The embattled engineering giant said it only learned this week about some of the details contained in the affidavit and couldn't confirm the veracity of the new information. It is reviewing the document to see what actions it may take and vowed to act swiftly to address damages to the company and its interests if the allegations are proven.
"We are eager for this situation to be resolved in the courts and will continue to do everything in our power to assist the authorities to get to the bottom of these issues as rapidly as possible," it said in a statement Friday.
SNC-Lavalin (TSX:SNC) says the affidavit contains some unspecified information that it voluntarily provided to authorities in March.
Ben Aissa, Roy and former CEO Pierre Duhaime left the company last February after an internal audit uncovered $56 million in payments to foreign agents, some of which allegedly was used for the Montreal superhospital contract project. SNC has always maintained these funds were never diverted to Libya.

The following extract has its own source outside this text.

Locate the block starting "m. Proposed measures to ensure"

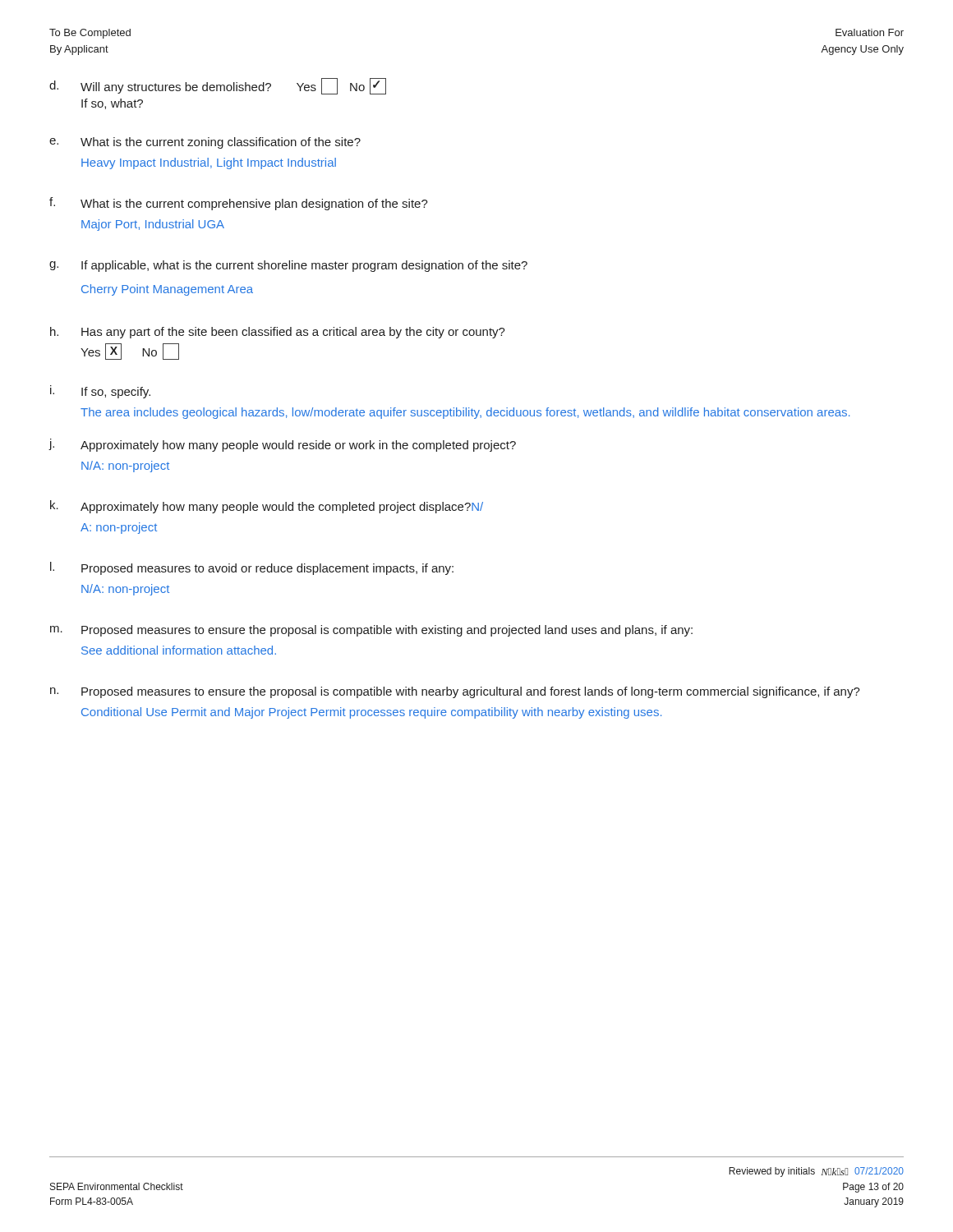(476, 640)
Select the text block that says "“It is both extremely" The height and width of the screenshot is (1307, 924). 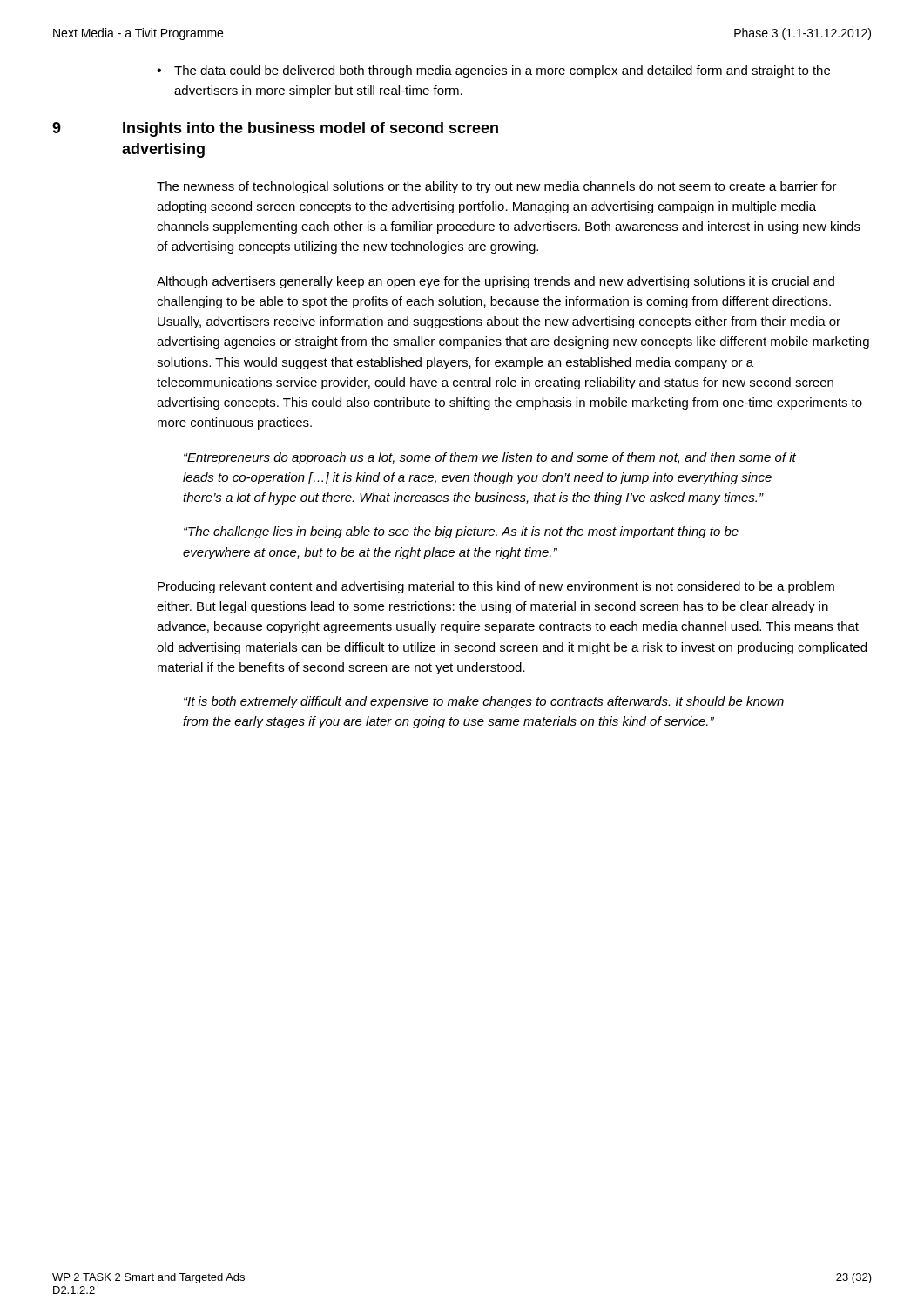483,711

Duhaime was charged with fraud in November.
SNC-Lavalin has taken a number of steps to improve its governance and requirement that employees adopt ethical behaviour.
On Thursday, it disclosed the hiring of former Watergate investigator Michael Hershman as an independent compliance adviser to SNC's president. He will complement the work of former FBI director Louis Freeh's risk management company, which has been assessing the progress of the implementation of the company's ethics and compliance program.